1. A preparation method of an Ag-NG/GCE electrochemical sensor is characterized by comprising the following steps:

(1) weighing a certain mass of graphene oxide, adding the graphene oxide into ultrapure water to form graphene oxide dispersion liquid, and putting the dispersion liquid into an ultrasonic processor for ultrasonic treatment for 1 hour to uniformly disperse the graphene oxide dispersion liquid;

(2) weighing a certain mass of glycine, adding the glycine into the graphene oxide dispersion liquid after ultrasonic treatment, and stirring for 30min to obtain a mixed liquid A;

(3) weighing a certain mass of silver nitrate, adding the silver nitrate into the mixed solution A, continuously stirring for 30min to obtain a mixed solution B, and using 0.5 mol.L ^-1 Regulating the pH value of the mixed solution B to 9 by using the NaOH solution to obtain a mixed solution C;

(4) stirring the mixed solution C for 1h, transferring the mixed solution C into a reaction kettle, putting the reaction kettle into an oven, setting the temperature of the oven to be 130 ℃, and reacting the stirred mixed solution C for 4h at the temperature to obtain a reaction mixture;

(5) cooling the obtained reaction mixture to room temperature, performing centrifugal separation, removing supernatant to obtain lower-layer precipitate, performing centrifugal washing on the precipitate with high-purity water, and performing vacuum drying at the temperature of 60 ℃ for 8-10h to obtain silver nanoparticle-loaded aminated graphene Ag-NG;

(7) 0.3 μm of Al is used ₂ O ₃ Polishing the glassy carbon electrode GCE to a mirror surface by using powder, and then respectively ultrasonically cleaning the polished glassy carbon electrode GCE by using ultrapure water and ethanol;

(8) and dripping 5 mu L of the Ag-NG dispersion liquid subjected to ultrasonic cleaning onto the surface of the glassy carbon electrode GCE subjected to ultrasonic cleaning, and placing the glassy carbon electrode GCE under an infrared lamp to dry for 10min to obtain the Ag-NG/GCE electrochemical sensor.
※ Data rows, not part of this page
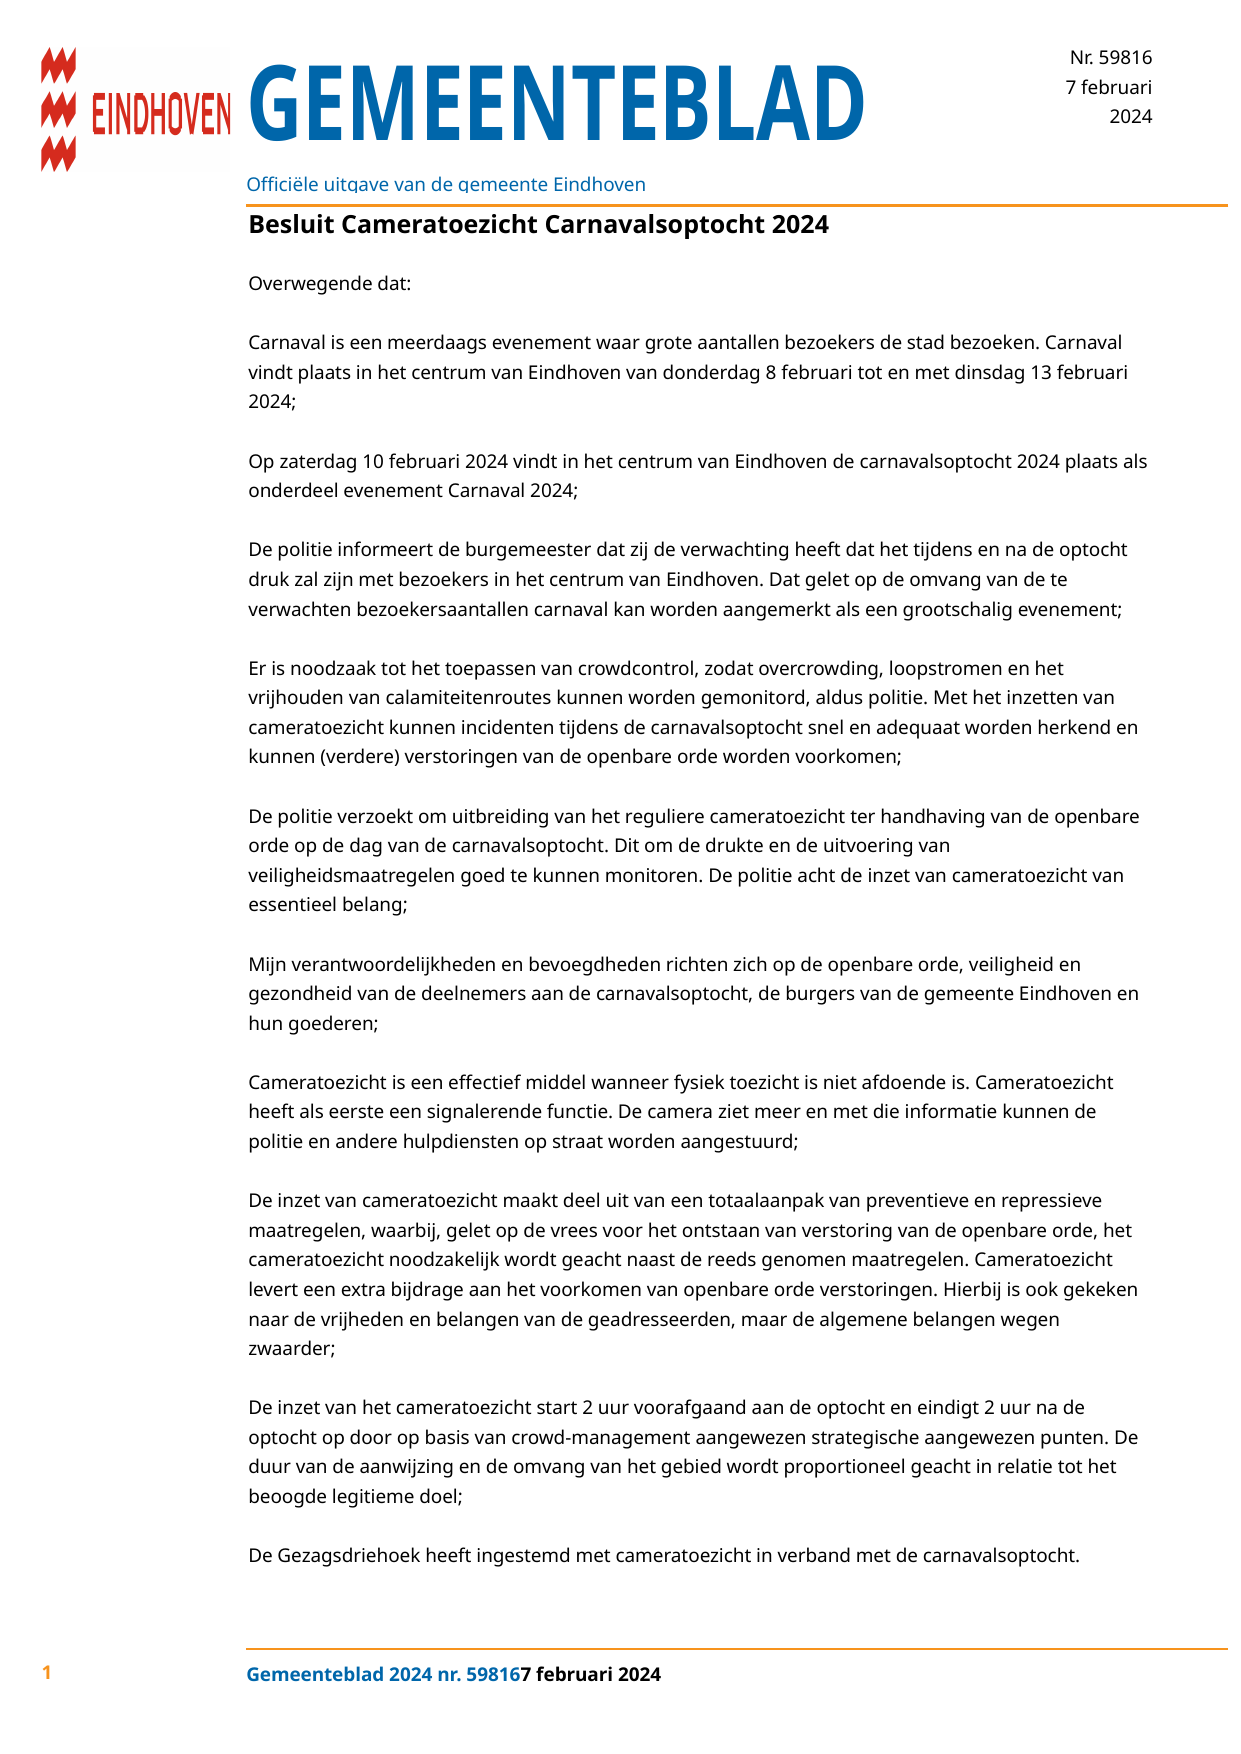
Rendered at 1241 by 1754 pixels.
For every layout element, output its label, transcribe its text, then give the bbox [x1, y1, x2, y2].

text Carnaval is een meerdaags evenement waar grote aantallen bezoekers de stad bezoeken. Carnaval vindt plaats in het centrum van Eindhoven van donderdag 8 februari tot en met dinsdag 13 februari 2024; [248, 329, 1152, 414]
text De politie verzoekt om uitbreiding van het reguliere cameratoezicht ter handhaving van de openbare orde op de dag van de carnavalsoptocht. Dit om de drukte en de uitvoering van veiligheidsmaatregelen goed te kunnen monitoren. De politie acht de inzet van cameratoezicht van essentieel belang; [248, 803, 1152, 917]
picture [41, 47, 231, 172]
text De politie informeert de burgemeester dat zij de verwachting heeft dat het tijdens en na de optocht druk zal zijn met bezoekers in het centrum van Eindhoven. Dat gelet op de omvang van de te verwachten bezoekersaantallen carnaval kan worden aangemerkt als een grootschalig evenement; [248, 537, 1152, 621]
text De inzet van het cameratoezicht start 2 uur voorafgaand aan de optocht en eindigt 2 uur na de optocht op door op basis van crowd-management aangewezen strategische aangewezen punten. De duur van de aanwijzing en de omvang van het gebied wordt proportioneel geacht in relatie tot het beoogde legitieme doel; [248, 1394, 1152, 1509]
text Besluit Cameratoezicht Carnavalsoptocht 2024 [248, 207, 1152, 241]
text Cameratoezicht is een effectief middel wanneer fysiek toezicht is niet afdoende is. Cameratoezicht heeft als eerste een signalerende functie. De camera ziet meer en met die informatie kunnen de politie en andere hulpdiensten op straat worden aangestuurd; [248, 1069, 1152, 1154]
text Op zaterdag 10 februari 2024 vindt in het centrum van Eindhoven de carnavalsoptocht 2024 plaats als onderdeel evenement Carnaval 2024; [248, 448, 1152, 503]
text De inzet van cameratoezicht maakt deel uit van een totaalaanpak van preventieve en repressieve maatregelen, waarbij, gelet op de vrees voor het ontstaan van verstoring van de openbare orde, het cameratoezicht noodzakelijk wordt geacht naast de reeds genomen maatregelen. Cameratoezicht levert een extra bijdrage aan het voorkomen van openbare orde verstoringen. Hierbij is ook gekeken naar de vrijheden en belangen van de geadresseerden, maar de algemene belangen wegen zwaarder; [248, 1187, 1152, 1361]
text Er is noodzaak tot het toepassen van crowdcontrol, zodat overcrowding, loopstromen en het vrijhouden van calamiteitenroutes kunnen worden gemonitord, aldus politie. Met het inzetten van cameratoezicht kunnen incidenten tijdens de carnavalsoptocht snel en adequaat worden herkend en kunnen (verdere) verstoringen van de openbare orde worden voorkomen; [248, 655, 1152, 769]
text De Gezagsdriehoek heeft ingestemd met cameratoezicht in verband met de carnavalsoptocht. [248, 1542, 1152, 1568]
text Overwegende dat: [248, 270, 1152, 296]
text Mijn verantwoordelijkheden en bevoegdheden richten zich op de openbare orde, veiligheid en gezondheid van de deelnemers aan de carnavalsoptocht, de burgers van de gemeente Eindhoven en hun goederen; [248, 951, 1152, 1036]

2. The method for preparing an Ag-NG/GCE electrochemical sensor according to claim 1, wherein the graphene oxide GO in the step (1) has a mass of 40mg and the graphene oxide dispersion has a concentration of 1 mg-mL ^-1 。
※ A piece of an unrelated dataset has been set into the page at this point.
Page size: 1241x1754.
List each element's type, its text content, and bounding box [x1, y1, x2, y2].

3. The method for preparing an Ag-NG/GCE electrochemical sensor as claimed in claim 1, wherein the amount of glycine added in step (2) is 120-200 mg.
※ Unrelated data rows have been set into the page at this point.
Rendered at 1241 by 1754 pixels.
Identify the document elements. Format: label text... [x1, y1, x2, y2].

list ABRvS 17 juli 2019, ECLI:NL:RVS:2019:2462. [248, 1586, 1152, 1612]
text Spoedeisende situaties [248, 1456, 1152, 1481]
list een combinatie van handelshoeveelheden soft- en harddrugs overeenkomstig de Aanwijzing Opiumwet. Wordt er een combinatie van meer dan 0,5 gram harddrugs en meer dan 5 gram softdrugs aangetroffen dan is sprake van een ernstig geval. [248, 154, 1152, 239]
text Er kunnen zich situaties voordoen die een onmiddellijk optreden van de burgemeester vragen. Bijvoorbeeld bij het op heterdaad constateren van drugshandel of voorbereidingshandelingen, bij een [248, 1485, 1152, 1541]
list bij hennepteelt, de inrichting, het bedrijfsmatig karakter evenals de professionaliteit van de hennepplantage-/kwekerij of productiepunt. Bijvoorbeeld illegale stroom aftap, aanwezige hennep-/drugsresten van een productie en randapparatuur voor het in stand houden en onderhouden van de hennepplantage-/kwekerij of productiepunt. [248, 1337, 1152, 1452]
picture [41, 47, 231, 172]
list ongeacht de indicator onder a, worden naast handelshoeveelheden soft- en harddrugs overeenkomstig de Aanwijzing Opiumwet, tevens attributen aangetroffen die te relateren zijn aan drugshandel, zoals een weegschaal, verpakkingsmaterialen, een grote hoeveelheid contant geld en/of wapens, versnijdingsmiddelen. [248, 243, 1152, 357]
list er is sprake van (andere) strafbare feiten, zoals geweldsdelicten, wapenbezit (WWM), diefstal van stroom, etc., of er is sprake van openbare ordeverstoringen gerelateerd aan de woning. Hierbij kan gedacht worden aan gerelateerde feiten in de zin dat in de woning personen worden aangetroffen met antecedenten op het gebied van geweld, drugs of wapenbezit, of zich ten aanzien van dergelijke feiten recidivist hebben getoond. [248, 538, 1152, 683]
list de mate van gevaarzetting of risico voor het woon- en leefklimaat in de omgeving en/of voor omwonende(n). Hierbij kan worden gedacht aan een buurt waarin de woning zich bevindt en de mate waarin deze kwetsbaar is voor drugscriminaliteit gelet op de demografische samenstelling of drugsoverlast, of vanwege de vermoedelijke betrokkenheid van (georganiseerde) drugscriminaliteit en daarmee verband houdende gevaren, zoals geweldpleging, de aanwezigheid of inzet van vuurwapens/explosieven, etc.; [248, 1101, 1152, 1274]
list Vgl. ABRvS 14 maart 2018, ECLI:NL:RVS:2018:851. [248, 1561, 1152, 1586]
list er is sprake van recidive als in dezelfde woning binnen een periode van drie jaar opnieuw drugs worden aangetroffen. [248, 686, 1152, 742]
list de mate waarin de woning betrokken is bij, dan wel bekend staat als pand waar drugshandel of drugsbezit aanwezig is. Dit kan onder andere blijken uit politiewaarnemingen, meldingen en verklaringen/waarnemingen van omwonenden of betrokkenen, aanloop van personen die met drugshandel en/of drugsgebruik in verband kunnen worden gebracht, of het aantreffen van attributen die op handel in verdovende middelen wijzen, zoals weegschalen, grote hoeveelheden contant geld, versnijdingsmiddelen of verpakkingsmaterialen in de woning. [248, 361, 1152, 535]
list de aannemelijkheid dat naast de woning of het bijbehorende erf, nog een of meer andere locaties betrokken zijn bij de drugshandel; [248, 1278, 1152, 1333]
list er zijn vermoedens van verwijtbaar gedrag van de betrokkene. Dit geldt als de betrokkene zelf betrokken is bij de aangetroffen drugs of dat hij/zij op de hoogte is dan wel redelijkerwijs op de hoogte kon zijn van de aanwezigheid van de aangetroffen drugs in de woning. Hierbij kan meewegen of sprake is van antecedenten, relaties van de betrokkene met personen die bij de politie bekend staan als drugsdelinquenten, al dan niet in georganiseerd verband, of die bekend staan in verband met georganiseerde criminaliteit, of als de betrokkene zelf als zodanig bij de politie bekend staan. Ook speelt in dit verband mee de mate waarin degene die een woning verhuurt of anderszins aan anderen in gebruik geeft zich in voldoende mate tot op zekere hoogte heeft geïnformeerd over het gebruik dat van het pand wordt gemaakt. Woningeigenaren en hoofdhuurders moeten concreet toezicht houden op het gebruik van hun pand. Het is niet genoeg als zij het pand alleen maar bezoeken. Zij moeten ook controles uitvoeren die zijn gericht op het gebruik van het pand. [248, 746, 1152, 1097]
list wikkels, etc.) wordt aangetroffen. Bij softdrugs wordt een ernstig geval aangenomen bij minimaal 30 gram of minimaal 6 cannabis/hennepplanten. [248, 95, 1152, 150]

4. The method of claim, wherein silver nitrate is added in an amount of 3-12mg by mass in step (3).

5. An Ag-NG/GCE electrochemical sensor prepared by the preparation method according to any one of claims 1 to 4.

6. Use of the Ag-NG/GCE electrochemical sensor of claim 5 for detecting bergenin.

7. The use of the Ag-NG/GCE electrochemical sensor in the detection of bergenin according to claim 6, wherein the electrochemical sensor Ag-NG/GCE is used for detecting bergenin by using a linear sweep voltammetry method as an analysis method, wherein the specific parameters of the electrochemical sensor Ag-NG/GCE for detecting bergenin are as follows: PBS pH 7.0 was used as buffer solution, potential window: 0.25-0.80V and a scanning speed of 0.05 V.s ^-1 Enrichment time 200 s.

8. Use of an Ag-NG/GCE electrochemical sensor according to claim 7 for the detection of bergenin, wherein: the linear range of the Ag-NG/GCE sensor response to bergenin is 1.0X 10 ^-8 mol·L ^-1 ～1.4×10 ^-6 mol·L ^-1 Detection limit of 3X 10 ^-9 mol L ^-1 (S/N＝3)。